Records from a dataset
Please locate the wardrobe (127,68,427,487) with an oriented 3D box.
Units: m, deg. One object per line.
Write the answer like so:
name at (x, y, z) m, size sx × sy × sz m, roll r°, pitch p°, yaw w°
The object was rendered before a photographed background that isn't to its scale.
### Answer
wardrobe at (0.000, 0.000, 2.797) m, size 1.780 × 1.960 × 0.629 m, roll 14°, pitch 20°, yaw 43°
---
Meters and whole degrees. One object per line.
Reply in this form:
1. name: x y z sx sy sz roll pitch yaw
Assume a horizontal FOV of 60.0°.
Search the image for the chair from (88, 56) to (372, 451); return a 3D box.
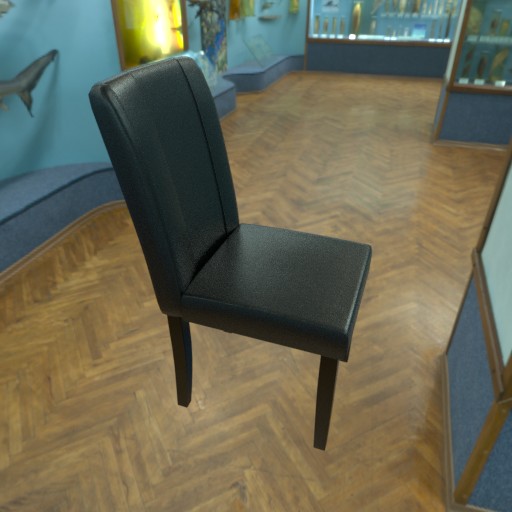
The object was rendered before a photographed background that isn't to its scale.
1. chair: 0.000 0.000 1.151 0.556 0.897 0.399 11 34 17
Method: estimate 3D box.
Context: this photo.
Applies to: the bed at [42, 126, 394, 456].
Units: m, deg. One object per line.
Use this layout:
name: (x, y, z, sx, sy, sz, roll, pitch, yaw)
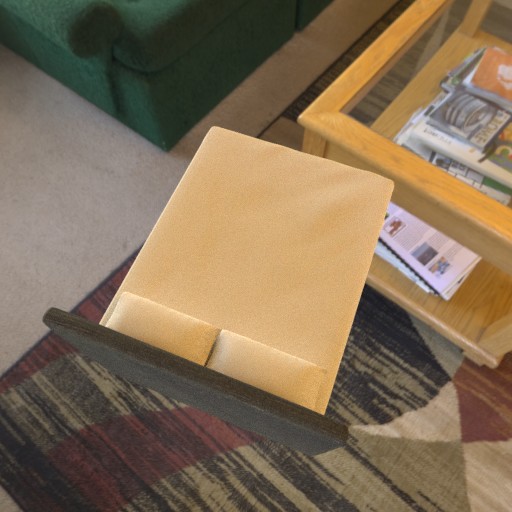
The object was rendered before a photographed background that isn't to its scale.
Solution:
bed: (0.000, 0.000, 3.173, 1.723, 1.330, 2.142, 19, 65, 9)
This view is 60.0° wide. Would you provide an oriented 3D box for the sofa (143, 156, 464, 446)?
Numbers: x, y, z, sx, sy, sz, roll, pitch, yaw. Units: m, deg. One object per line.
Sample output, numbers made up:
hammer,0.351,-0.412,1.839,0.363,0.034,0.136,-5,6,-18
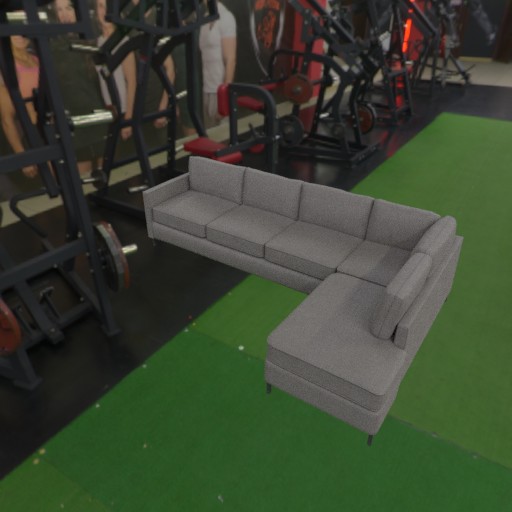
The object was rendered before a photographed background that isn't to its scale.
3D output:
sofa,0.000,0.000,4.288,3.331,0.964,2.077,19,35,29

TRY IT
Your response should contain each line of the entries above that holds the string "oriented".

ANSWER FOR THIS EXERCISE
Please locate the wardrobe (127,68,427,487) with an oriented 3D box.
This view is 60.0° wide. Would you provide an oriented 3D box for the sofa (143, 156, 464, 446)?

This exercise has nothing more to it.